The district court effectively gave Donald the benefit of the doubt and assumed that she could establish both prima facie cases. This boon notwithstanding, the district court determined that Donald produced insufficient evidence to prove that Sybra’s stated reasons, cash register and order irregularities, were pretextual….

Donald’s claims fundamentally rest on the timing of Sybra’s decision to terminate her employment [the  day after she returned from her FMLA leave], which, we admit, gives us pause. But that alone is not enough, and her other arguments are no more persuasive. Whether Sybra followed its own protocol, or its decision not to prosecute Donald, or even Donald’s history of employment, provides neither us, nor a rational juror, with a basis to believe that Sybra’s decision was improper. The district court therefore correctly dismissed Donald’s FMLA claims.

If courts skip the first two steps of the McDonnell Douglas test and go right to the heart of the matter—whether a rational jury could conclude that the employer took that adverse action on account of her protected class—does it make sense to continue the charade of pretending that McDonnell Douglas remains useful? As a management-side litigator, I like the ability to have more than one evidentiary bite at the apple in trying to get a case dismissed on summary judgment. As a pragmatist, however, I’m afraid that the concurring opinion in Coleman v. Donahoe might be correct, that “the time has come to collapse all these tests into one.”

Tuesday, January 17, 2012

Clearing a path to complain is a key part of any harassment policy


EEOC v. Management Hospitality of Racine, Inc. (7th Cir. 1/9/12) concerns some of the worst allegations of sexual harassment you will encounter, especially when you consider that the complaining employees were both teenagers and that the harassing manager was a decade their senior.

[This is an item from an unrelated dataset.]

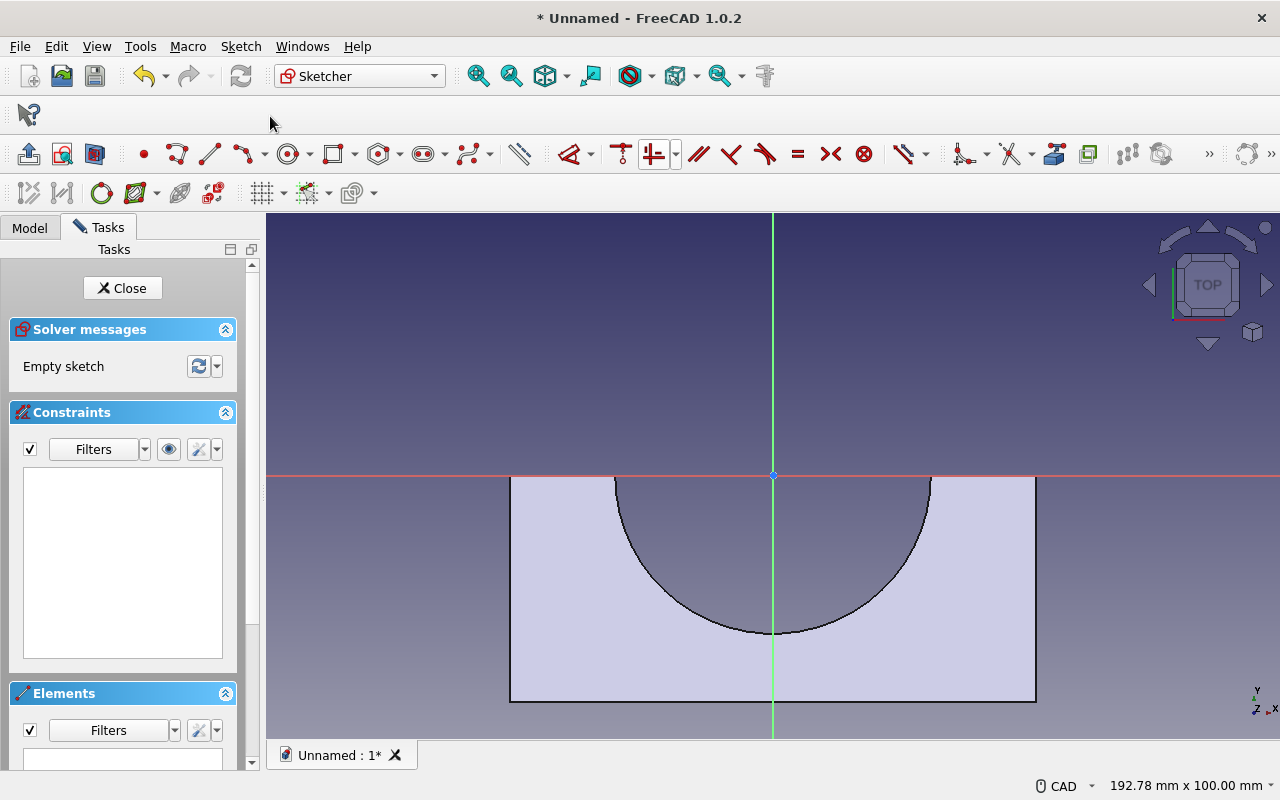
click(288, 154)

The employer tried to avoid liability by relying on its zero tolerance sexual harassment policy and its prompt investigations of complaints. The court disagreed for several reasons, including that managers had never received any harassment training and that the employer waited two months to investigate the complaints in this case. Most importantly, however, the court concluded that the employer’s harassment policy failed on its face:

An employer’s complaint mechanism must provide a clear path for reporting harassment, particularly where, as here, a number of the servers were teenagers…. Flipmeastack’s sexual harassment policy did not provide a point person to air complaints to. In fact, it provided no names or contact information at all.

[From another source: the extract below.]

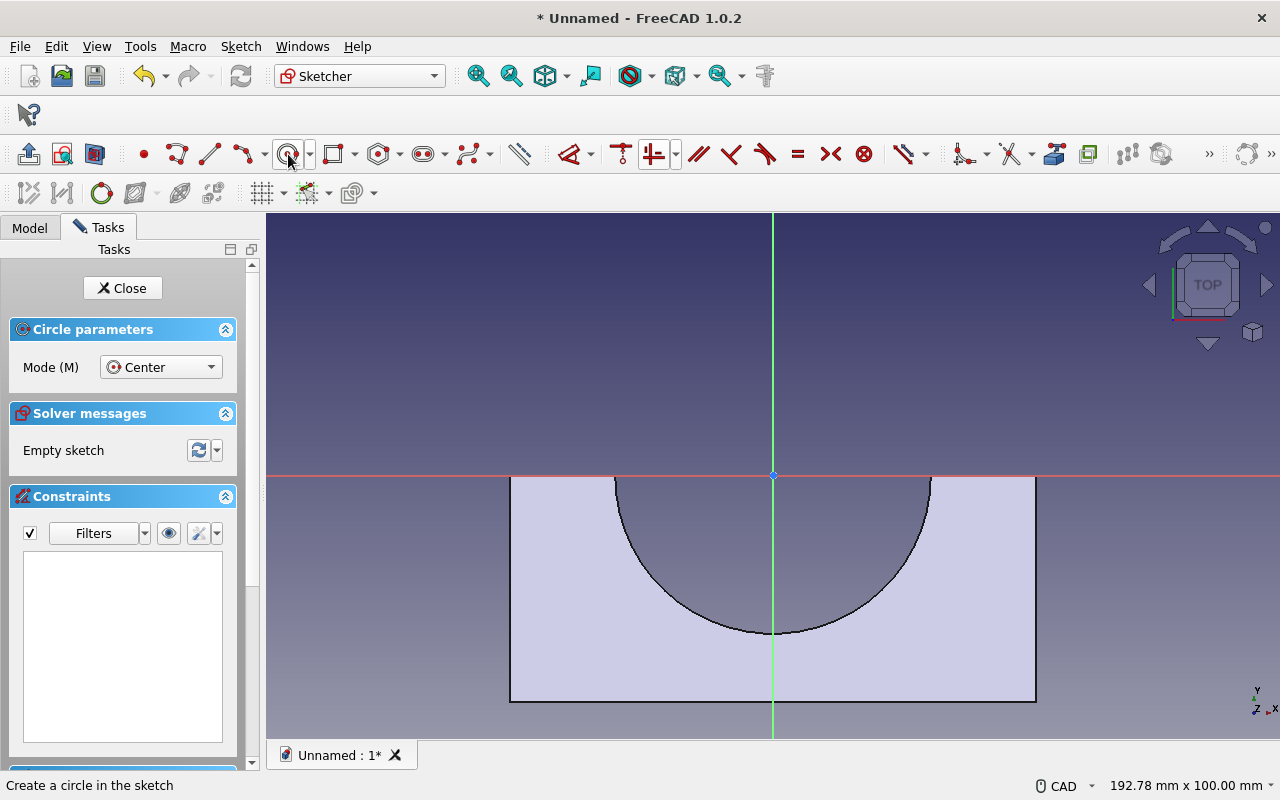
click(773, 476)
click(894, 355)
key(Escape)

What does this mean for you? A harassment policy is worthless if it does not tell employees how to complain and to whom to make complaints. Let me make one additional suggestion — have more than one avenue for complaints. You do not want to be in a situation where an employee does not complain because the person to whom your policy directs him or her is the alleged harasser. Suggest that employees can complain to anyone in management, up to and including the head of your company. Depending on the size of your organization and the resources available, consider implementing a harassment complaint hotline or inbox.